If one were to perform this experiment on KEMAR (or simply remove KEMAR’s pinna), there would be a significant high frequency loss. KEMAR uses a cylindrical (Zwislocki coupler) and not one whose shape mimics that of the human ear.

Real ear canals can be cylindrical and also conical.  Figure courtesy of www.123rf.com

Real ear canals can be cylindrical in some parts and also conical in other parts.   Figure courtesy of www.123rf.com

This is not a trivial issue.
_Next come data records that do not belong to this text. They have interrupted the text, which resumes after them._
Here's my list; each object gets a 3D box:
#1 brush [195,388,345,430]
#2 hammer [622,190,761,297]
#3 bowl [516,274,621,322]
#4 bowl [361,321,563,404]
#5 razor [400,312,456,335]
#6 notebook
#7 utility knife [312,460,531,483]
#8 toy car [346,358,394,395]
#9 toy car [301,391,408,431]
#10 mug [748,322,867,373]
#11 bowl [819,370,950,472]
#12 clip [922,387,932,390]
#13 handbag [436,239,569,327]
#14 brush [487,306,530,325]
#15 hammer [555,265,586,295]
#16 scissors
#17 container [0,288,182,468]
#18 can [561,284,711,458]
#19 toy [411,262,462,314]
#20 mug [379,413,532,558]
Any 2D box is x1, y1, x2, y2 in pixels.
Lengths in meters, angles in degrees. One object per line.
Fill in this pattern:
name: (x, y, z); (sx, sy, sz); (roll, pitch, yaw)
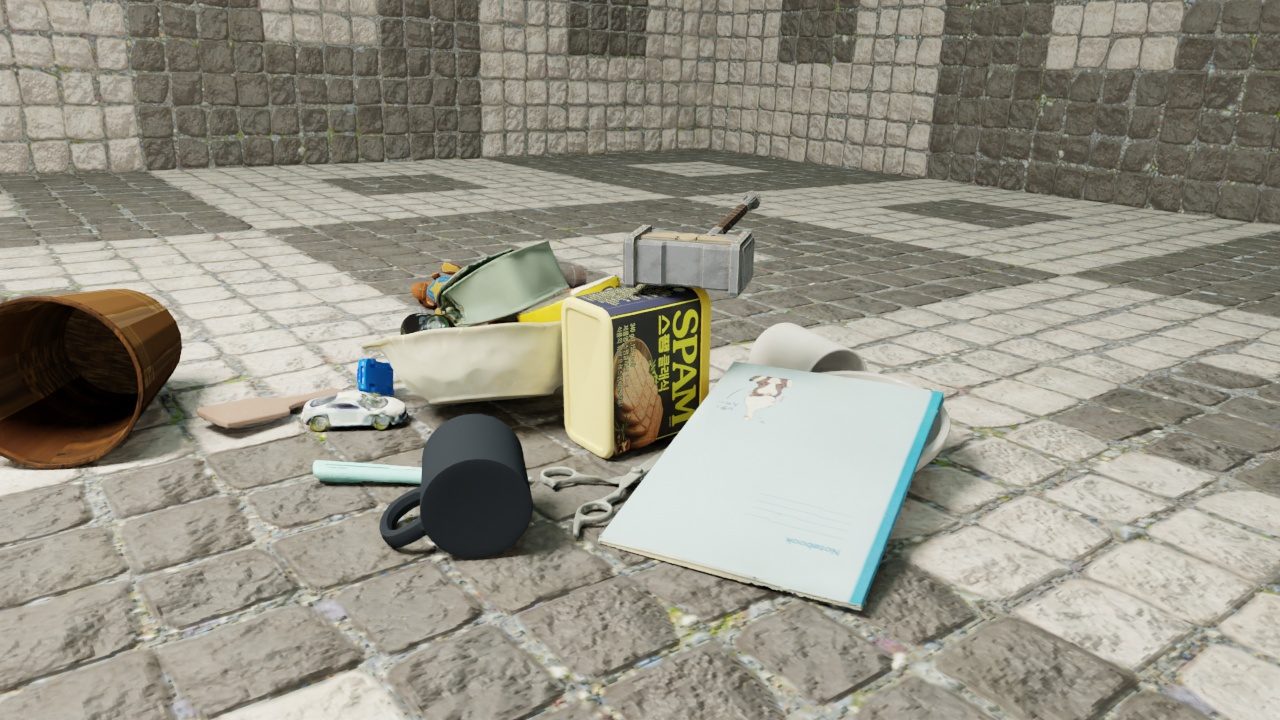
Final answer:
brush: (-0.322, 0.043, 0.819); (0.050, 0.015, 0.135); (15, 16, 33)
hammer: (0.077, -0.125, 0.860); (0.098, 0.044, 0.321); (6, 21, 16)
bowl: (-0.067, -0.041, 0.985); (0.117, 0.067, 0.117); (-21, 8, 3)
bowl: (-0.134, 0.006, 0.818); (0.219, 0.060, 0.188); (-5, -3, -1)
razor: (-0.223, -0.029, 0.966); (0.053, 0.064, 0.140); (-5, 20, -24)
notebook: (0.107, 0.074, 0.673); (0.181, 0.009, 0.252); (9, 32, 25)
utility knife: (-0.165, 0.088, 0.696); (0.165, 0.015, 0.022); (4, 16, -4)
toy car: (-0.265, 0.017, 0.858); (0.062, 0.033, 0.092); (-2, -5, 7)
toy car: (-0.249, 0.042, 0.801); (0.089, 0.027, 0.038); (-1, 16, -9)
mug: (0.171, 0.017, 0.872); (0.110, 0.074, 0.090); (22, 7, -30)
bowl: (0.171, 0.062, 0.743); (0.149, 0.043, 0.149); (-4, 28, 2)
clip: (0.249, 0.039, 0.873); (0.075, 0.023, 0.042); (-13, 21, -43)
handbag: (-0.151, -0.085, 1.012); (0.106, 0.067, 0.121); (-19, 9, 25)
brush: (-0.158, -0.029, 1.028); (0.041, 0.030, 0.172); (6, 17, 10)
hammer: (-0.092, -0.072, 1.162); (0.137, 0.035, 0.314); (-5, 20, -21)
scissors: (-0.006, 0.094, 0.691); (0.141, 0.014, 0.158); (-2, 18, 0)
container: (-0.459, 0.000, 0.764); (0.132, 0.132, 0.167); (-2, 13, -11)
can: (-0.005, 0.005, 0.773); (0.104, 0.135, 0.075); (-15, 24, -35)
toy: (-0.238, -0.082, 1.181); (0.090, 0.070, 0.103); (0, -10, 38)
mug: (-0.126, 0.090, 0.616); (0.105, 0.071, 0.077); (-27, 22, -2)

Many manufacturers have come out with products over the years where either the concha was not occluded in hopes of maintaining the 4500-5500 Hz “unoccluded concha resonance” or placing the hearing aid microphone in that portion of the outer ear in order to pick up some pre-amplified high frequency sound energy.

If indeed this second bump we see on the real ear unaided response (REUR) is related to the earcanal and not the concha, this free pre-amplification may not even be there if the ear canal is occluded in any way.

And as a trivia question- what other FFT spectrum, other than a quarter wavelength resonator, has odd numbered multiples of the primary? (Hint- the magnitude of the higher frequency elements decrease by a factor of 1/f).